<<<<

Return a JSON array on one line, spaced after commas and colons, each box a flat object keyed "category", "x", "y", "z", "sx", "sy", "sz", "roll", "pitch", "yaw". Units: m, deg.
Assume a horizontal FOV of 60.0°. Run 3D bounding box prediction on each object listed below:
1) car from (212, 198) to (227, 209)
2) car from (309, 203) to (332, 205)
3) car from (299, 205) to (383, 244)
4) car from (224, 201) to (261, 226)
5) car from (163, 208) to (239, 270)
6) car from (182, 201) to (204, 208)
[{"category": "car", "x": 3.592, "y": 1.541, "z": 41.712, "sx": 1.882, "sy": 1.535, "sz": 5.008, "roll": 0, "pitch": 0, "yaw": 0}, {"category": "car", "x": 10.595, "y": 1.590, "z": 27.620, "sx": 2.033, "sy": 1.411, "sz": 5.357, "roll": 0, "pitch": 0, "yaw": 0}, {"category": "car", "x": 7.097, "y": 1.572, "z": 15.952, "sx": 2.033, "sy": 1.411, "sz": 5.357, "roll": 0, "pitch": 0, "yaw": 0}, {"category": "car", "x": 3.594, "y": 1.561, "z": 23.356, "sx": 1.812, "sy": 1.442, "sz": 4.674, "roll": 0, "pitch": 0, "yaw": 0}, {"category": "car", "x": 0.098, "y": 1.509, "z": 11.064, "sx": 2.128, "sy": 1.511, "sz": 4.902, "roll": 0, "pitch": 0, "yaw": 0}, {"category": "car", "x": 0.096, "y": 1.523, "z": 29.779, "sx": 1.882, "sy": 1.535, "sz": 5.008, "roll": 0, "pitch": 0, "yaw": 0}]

>>>>
<<<<

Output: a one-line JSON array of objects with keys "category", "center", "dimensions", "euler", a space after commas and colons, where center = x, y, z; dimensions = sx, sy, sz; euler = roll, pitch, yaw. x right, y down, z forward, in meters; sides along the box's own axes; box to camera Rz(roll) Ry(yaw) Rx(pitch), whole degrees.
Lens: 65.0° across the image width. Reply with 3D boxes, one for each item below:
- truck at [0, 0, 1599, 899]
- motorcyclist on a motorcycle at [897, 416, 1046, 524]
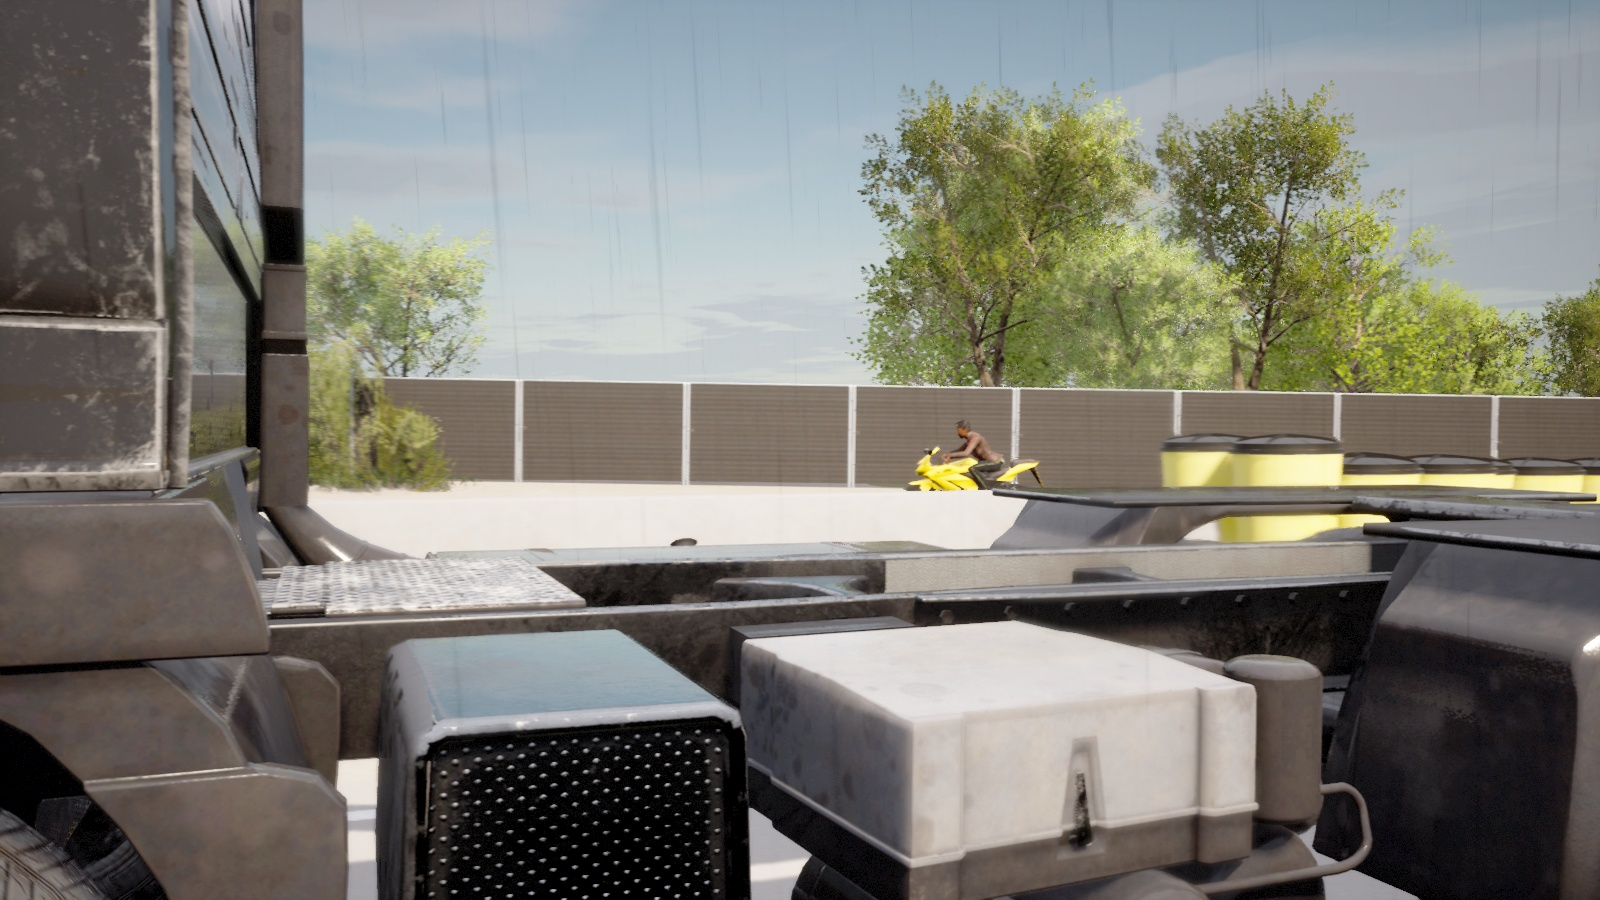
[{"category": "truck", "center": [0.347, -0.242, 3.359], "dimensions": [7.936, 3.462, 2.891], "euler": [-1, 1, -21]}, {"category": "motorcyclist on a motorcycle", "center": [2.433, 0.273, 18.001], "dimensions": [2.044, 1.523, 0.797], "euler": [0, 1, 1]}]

>>>>

§ Task description: Give the count of lines in the data shown above that contain "after", and nothing else.

§ Final answer: 2